● **HOW TO COMPLETE THIS TASK**
Please find every line in the entries below that contains the string "color", and copy it.

● **RECORDS FOR THE EXERCISE**

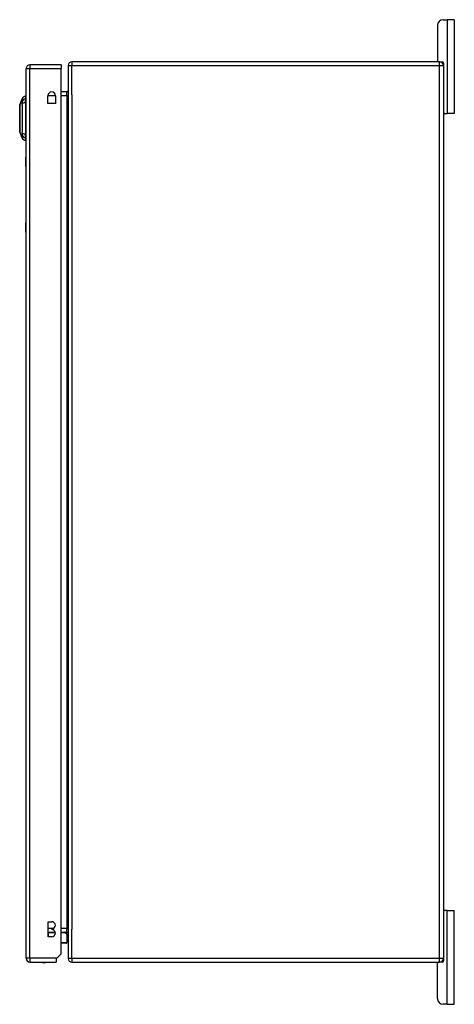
# Model space of a CAD drawing. Header units: inches. Extents: x 13 to 267, y 22 to 131.
# Tile 8 of 12: x 151 to 163, y 65 to 91. Entities that reach past the tile are written whole.
import ezdxf

# ---------------------------------------------------------------- set-up
doc = ezdxf.new("R2010")
doc.units = ezdxf.units.IN
doc.header["$MEASUREMENT"] = 0
doc.layers.add('Visible Edges(ANSI)', color=7, linetype='Continuous', lineweight=25)
doc.layers.add('Visible Tangent Edges(ANSI)', color=7, linetype='Continuous', lineweight=25)

msp = doc.modelspace()

# ---------------------------------------------------------------- linework, layer by layer
at = {"layer": 'Visible Edges(ANSI)'}
for p, q in [((162.55, 90.597), (162.55, 89.659)), ((162.706, 90.753), (162.813, 90.753)), ((163, 90.753), (162.813, 90.753)), ((163, 90.753), (163, 88.253)), ((152.522, 89.548), (151.687, 89.548)), ((152.522, 89.548), (152.522, 89.449)), ((152.708, 89.529), (152.708, 65.727)), ((162.609, 89.628), (152.807, 89.628)), ((162.609, 89.628), (162.677, 89.628)), ((162.708, 89.597), (162.708, 89.529)), ((162.708, 89.529), (162.708, 65.727)), ((151.588, 65.729), (151.588, 89.449)), ((152.522, 65.846), (152.522, 89.449)), ((152.677, 88.83), (152.522, 88.83)), ((151.418, 88.48), (151.48, 88.64)), ((151.572, 88.714), (151.572, 88.646)), ((151.572, 88.535), (151.572, 88.646)), ((151.572, 88.535), (151.572, 87.712)), ((152.171, 88.52), (152.171, 88.724)), ((152.374, 88.52), (152.171, 88.52)), ((152.374, 88.724), (152.374, 88.52)), ((162.739, 88.253), (162.708, 88.253)), ((162.739, 88.253), (162.813, 88.253)), ((163, 88.253), (162.813, 88.253)), ((151.48, 87.607), (151.418, 87.767)), ((151.572, 87.601), (151.572, 87.712)), ((151.572, 87.601), (151.572, 87.533)), ((151.582, 86.839), (151.582, 87.089)), ((151.588, 87.089), (151.582, 87.089)), ((151.582, 86.839), (151.582, 85.339)), ((151.582, 85.089), (151.582, 85.339)), ((151.582, 85.089), (151.588, 85.089)), ((162.708, 67.003), (162.739, 67.003)), ((162.813, 67.003), (162.739, 67.003)), ((162.813, 67.003), (163, 67.003)), ((163, 64.503), (163, 67.003)), ((152.177, 66.305), (152.177, 66.705)), ((152.177, 66.705), (152.272, 66.705)), ((152.177, 66.426), (152.363, 66.426)), ((152.272, 66.515), (152.272, 66.495)), ((152.522, 66.426), (152.677, 66.426)), ((152.632, 66.42), (152.672, 66.381)), ((152.272, 66.305), (152.177, 66.305)), ((152.678, 66.15), (152.678, 66.367)), ((152.658, 66.131), (152.522, 66.131)), ((151.687, 65.63), (152.388, 65.63)), ((152.405, 65.729), (152.388, 65.712)), ((152.388, 65.712), (152.388, 65.63)), ((152.522, 65.846), (152.405, 65.729)), ((152.807, 65.628), (162.609, 65.628)), ((162.677, 65.628), (162.609, 65.628)), ((162.708, 65.727), (162.708, 65.659)), ((162.55, 64.659), (162.55, 65.597)), ((162.813, 64.503), (162.706, 64.503)), ((162.813, 64.503), (163, 64.503))]:
    msp.add_line(p, q, dxfattribs=at)
at = {"layer": 'Visible Edges(ANSI)', "flags": 128}
msp.add_lwpolyline([(151.417, 88.479), (151.417, 88.478), (151.417, 88.477), (151.417, 88.475), (151.417, 88.472), (151.417, 88.468), (151.417, 88.463), (151.417, 88.458), (151.417, 88.452), (151.417, 88.445), (151.417, 88.437), (151.417, 88.428), (151.417, 88.419), (151.417, 88.409), (151.417, 88.398), (151.417, 88.387), (151.417, 88.375), (151.417, 88.362), (151.417, 88.349), (151.417, 88.335), (151.417, 88.321), (151.417, 88.306), (151.417, 88.291), (151.417, 88.275), (151.417, 88.259), (151.417, 88.243), (151.417, 88.226), (151.417, 88.21), (151.417, 88.193), (151.417, 88.175), (151.417, 88.158), (151.417, 88.141), (151.417, 88.123), (151.417, 88.106), (151.417, 88.088), (151.417, 88.071), (151.417, 88.054), (151.417, 88.037), (151.417, 88.02), (151.417, 88.003), (151.417, 87.987), (151.417, 87.971), (151.417, 87.956), (151.417, 87.94), (151.417, 87.926), (151.417, 87.911), (151.417, 87.898), (151.417, 87.885), (151.417, 87.872), (151.417, 87.86), (151.417, 87.849), (151.417, 87.838), (151.417, 87.828), (151.417, 87.819), (151.417, 87.81), (151.417, 87.802), (151.417, 87.795), (151.417, 87.789), (151.417, 87.784), (151.417, 87.779), (151.417, 87.775), (151.417, 87.772), (151.417, 87.77), (151.417, 87.769), (151.417, 87.768)], dxfattribs=at)
at = {"layer": 'Visible Edges(ANSI)'}
for centre, radius, start, end in [((162.706, 90.597), 0.156, 90, 180), ((151.687, 89.449), 0.099, 90, 180), ((152.807, 89.529), 0.099, 90, 180), ((162.581, 89.659), 0.031, 180, 270), ((162.609, 89.529), 0.099, 0, 90), ((162.677, 89.597), 0.031, 0, 90), ((152.272, 88.724), 0.102, 0, 180), ((152.677, 88.861), 0.031, 270, 0), ((151.422, 88.479), 0.00492, 158.7495, 179.7912), ((151.59, 88.597), 0.118, 98.6009, 158.7495), ((151.564, 88.655), 0.0394, 53.1301, 78.463), ((162.739, 88.284), 0.031, 180, 270), ((151.422, 87.768), 0.00492, 180.2088, 201.2505), ((151.59, 87.65), 0.118, 201.2505, 261.3991), ((151.564, 87.592), 0.0394, 281.537, 306.8699), ((162.739, 66.972), 0.031, 90, 180), ((152.272, 66.61), 0.095, 270, 90), ((152.272, 66.4), 0.095, 270, 90), ((152.618, 66.406), 0.0197, 45, 90), ((152.677, 66.395), 0.031, 0, 90), ((152.658, 66.15), 0.0197, 270, 0), ((152.658, 66.367), 0.0197, 0, 45), ((151.687, 65.729), 0.099, 180, 270), ((152.065, 65.798), 0.187, 243.6372, 296.3628), ((152.807, 65.727), 0.099, 180, 270), ((162.581, 65.597), 0.031, 90, 180), ((162.609, 65.727), 0.099, 270, 0), ((162.677, 65.659), 0.031, 270, 0), ((162.706, 64.659), 0.156, 180, 270)]:
    msp.add_arc(centre, radius, start, end, dxfattribs=at)
at = {"layer": 'Visible Tangent Edges(ANSI)'}
for p, q in [((162.813, 90.753), (162.813, 88.253)), ((151.687, 89.548), (151.687, 89.449)), ((152.708, 89.529), (152.807, 89.529)), ((152.807, 89.628), (152.807, 89.529)), ((152.807, 89.529), (162.609, 89.529)), ((152.807, 88.754), (152.807, 89.529)), ((162.609, 89.529), (162.609, 89.628)), ((162.609, 89.529), (162.708, 89.529)), ((162.609, 65.727), (162.609, 89.529)), ((151.588, 89.449), (151.687, 89.449)), ((151.687, 89.449), (152.522, 89.449)), ((151.687, 65.729), (151.687, 89.449)), ((152.171, 88.731), (152.373, 88.731)), ((152.522, 88.731), (152.677, 88.731)), ((152.677, 88.731), (152.677, 88.83)), ((152.677, 88.731), (152.708, 88.731)), ((152.677, 88.731), (152.677, 66.525)), ((152.807, 88.754), (152.807, 66.502)), ((151.48, 88.64), (151.418, 88.48)), ((151.582, 86.839), (151.588, 86.839)), ((151.588, 85.339), (151.582, 85.339)), ((162.813, 64.503), (162.813, 67.003)), ((152.316, 66.525), (152.177, 66.525)), ((152.178, 66.406), (152.178, 66.426)), ((152.677, 66.525), (152.522, 66.525)), ((152.677, 66.525), (152.708, 66.525)), ((152.677, 66.426), (152.677, 66.525)), ((152.807, 65.727), (152.807, 66.502)), ((152.177, 66.406), (152.178, 66.406)), ((152.178, 66.406), (152.178, 66.305)), ((152.367, 66.406), (152.178, 66.406)), ((152.636, 66.406), (152.522, 66.406)), ((152.522, 66.15), (152.678, 66.15)), ((152.678, 66.367), (152.636, 66.406)), ((151.687, 65.729), (151.588, 65.729)), ((151.687, 65.729), (151.687, 65.63)), ((152.405, 65.729), (151.687, 65.729)), ((152.807, 65.727), (152.708, 65.727)), ((152.807, 65.727), (152.807, 65.628)), ((162.609, 65.727), (152.807, 65.727)), ((162.609, 65.628), (162.609, 65.727)), ((162.708, 65.727), (162.609, 65.727))]:
    msp.add_line(p, q, dxfattribs=at)
at = {"layer": 'Visible Tangent Edges(ANSI)', "flags": 128}
for points in [[(151.417, 88.398), (151.417, 88.405), (151.417, 88.411), (151.418, 88.417), (151.418, 88.423), (151.418, 88.428), (151.418, 88.433), (151.418, 88.438), (151.418, 88.443), (151.418, 88.447), (151.418, 88.452), (151.418, 88.456), (151.418, 88.459), (151.418, 88.463), (151.418, 88.466), (151.418, 88.468), (151.418, 88.471), (151.418, 88.473), (151.418, 88.475), (151.418, 88.477), (151.418, 88.478), (151.418, 88.479), (151.418, 88.48), (151.418, 88.48), (151.418, 88.48)], [(151.48, 88.64), (151.48, 88.64), (151.48, 88.64), (151.48, 88.639), (151.48, 88.638), (151.48, 88.637), (151.48, 88.635), (151.48, 88.633), (151.48, 88.631), (151.48, 88.629), (151.479, 88.627), (151.479, 88.624), (151.479, 88.621), (151.479, 88.617), (151.479, 88.614), (151.479, 88.61), (151.479, 88.606), (151.479, 88.602), (151.479, 88.597), (151.479, 88.593), (151.479, 88.588), (151.479, 88.583), (151.479, 88.577), (151.479, 88.572), (151.478, 88.563)], [(151.478, 88.563), (151.478, 88.562), (151.478, 88.561), (151.478, 88.559), (151.478, 88.558), (151.479, 88.556), (151.479, 88.554), (151.479, 88.552), (151.479, 88.55), (151.479, 88.549), (151.479, 88.547), (151.479, 88.544), (151.479, 88.542), (151.479, 88.54), (151.479, 88.538), (151.479, 88.536), (151.479, 88.533), (151.479, 88.531), (151.479, 88.528), (151.479, 88.526), (151.478, 88.523), (151.478, 88.52), (151.478, 88.518), (151.478, 88.515), (151.478, 88.512)], [(151.478, 88.512), (151.479, 88.479), (151.479, 88.447), (151.479, 88.416), (151.479, 88.384), (151.479, 88.352), (151.479, 88.32), (151.479, 88.288), (151.48, 88.255), (151.48, 88.222), (151.48, 88.189), (151.48, 88.156), (151.48, 88.123), (151.48, 88.09), (151.48, 88.057), (151.48, 88.024), (151.48, 87.992), (151.479, 87.959), (151.479, 87.927), (151.479, 87.894), (151.479, 87.863), (151.479, 87.831), (151.479, 87.8), (151.479, 87.768), (151.478, 87.735)], [(151.417, 88.351), (151.417, 88.353), (151.417, 88.355), (151.417, 88.357), (151.417, 88.359), (151.417, 88.362), (151.417, 88.364), (151.417, 88.366), (151.417, 88.368), (151.417, 88.37), (151.417, 88.372), (151.417, 88.374), (151.417, 88.376), (151.417, 88.378), (151.417, 88.38), (151.417, 88.381), (151.417, 88.383), (151.417, 88.385), (151.417, 88.387), (151.417, 88.389), (151.417, 88.391), (151.417, 88.393), (151.417, 88.395), (151.417, 88.396), (151.417, 88.398)], [(151.417, 87.896), (151.417, 87.912), (151.418, 87.929), (151.418, 87.947), (151.418, 87.965), (151.418, 87.983), (151.418, 88.003), (151.418, 88.022), (151.418, 88.042), (151.418, 88.062), (151.418, 88.082), (151.418, 88.103), (151.418, 88.123), (151.418, 88.144), (151.418, 88.165), (151.418, 88.185), (151.418, 88.205), (151.418, 88.225), (151.418, 88.245), (151.418, 88.264), (151.418, 88.282), (151.418, 88.301), (151.418, 88.318), (151.417, 88.335), (151.417, 88.351)], [(151.417, 87.849), (151.417, 87.851), (151.417, 87.852), (151.417, 87.854), (151.417, 87.856), (151.417, 87.858), (151.417, 87.86), (151.417, 87.862), (151.417, 87.864), (151.417, 87.866), (151.417, 87.867), (151.417, 87.869), (151.417, 87.871), (151.417, 87.873), (151.417, 87.875), (151.417, 87.877), (151.417, 87.879), (151.417, 87.881), (151.417, 87.883), (151.417, 87.885), (151.417, 87.888), (151.417, 87.89), (151.417, 87.892), (151.417, 87.894), (151.417, 87.896)], [(151.418, 87.767), (151.418, 87.767), (151.418, 87.767), (151.418, 87.768), (151.418, 87.769), (151.418, 87.77), (151.418, 87.772), (151.418, 87.774), (151.418, 87.776), (151.418, 87.779), (151.418, 87.781), (151.418, 87.785), (151.418, 87.788), (151.418, 87.792), (151.418, 87.796), (151.418, 87.8), (151.418, 87.804), (151.418, 87.809), (151.418, 87.814), (151.418, 87.819), (151.418, 87.825), (151.418, 87.83), (151.417, 87.836), (151.417, 87.842), (151.417, 87.849)], [(151.478, 87.735), (151.478, 87.732), (151.478, 87.729), (151.478, 87.727), (151.478, 87.724), (151.479, 87.721), (151.479, 87.719), (151.479, 87.716), (151.479, 87.714), (151.479, 87.712), (151.479, 87.709), (151.479, 87.707), (151.479, 87.705), (151.479, 87.703), (151.479, 87.701), (151.479, 87.699), (151.479, 87.697), (151.479, 87.695), (151.479, 87.693), (151.479, 87.691), (151.478, 87.689), (151.478, 87.688), (151.478, 87.686), (151.478, 87.685), (151.478, 87.684)], [(151.478, 87.684), (151.479, 87.675), (151.479, 87.67), (151.479, 87.664), (151.479, 87.659), (151.479, 87.654), (151.479, 87.65), (151.479, 87.645), (151.479, 87.641), (151.479, 87.637), (151.479, 87.633), (151.479, 87.63), (151.479, 87.626), (151.479, 87.623), (151.479, 87.62), (151.48, 87.618), (151.48, 87.616), (151.48, 87.614), (151.48, 87.612), (151.48, 87.61), (151.48, 87.609), (151.48, 87.608), (151.48, 87.607), (151.48, 87.607), (151.48, 87.607)]]:
    msp.add_lwpolyline(points, dxfattribs=at)
at = {"layer": 'Visible Tangent Edges(ANSI)'}
msp.add_arc((151.422, 88.479), 0.00492, 158.7495, 179.7912, dxfattribs=at)
for centre, major_axis, ratio, start_param, end_param in [((151.592, 88.536), (-0.117, -0.016), 0.948273, 4.754759, 5.892029), ((151.592, 88.498), (-0.118, 0.005), 0.314585, 4.896593, 6.033863), ((151.592, 87.749), (-0.118, -0.005), 0.314585, 0.249322, 1.386592), ((151.592, 87.711), (-0.117, 0.016), 0.948273, 0.391156, 1.528426), ((152.618, 66.406), (0, 0.0197), 0.91745, 4.712389, 6.283185), ((152.618, 66.406), (0.0139, 0.0139), 0.852462, 5.41831, 6.283185)]:
    msp.add_ellipse(centre, major_axis=major_axis, ratio=ratio, start_param=start_param, end_param=end_param, dxfattribs=at)

doc.saveas('drawing.dxf')

● **EXERCISE ANSWER**
doc.layers.add('Visible Edges(ANSI)', color=7, linetype='Continuous', lineweight=25)
doc.layers.add('Visible Tangent Edges(ANSI)', color=7, linetype='Continuous', lineweight=25)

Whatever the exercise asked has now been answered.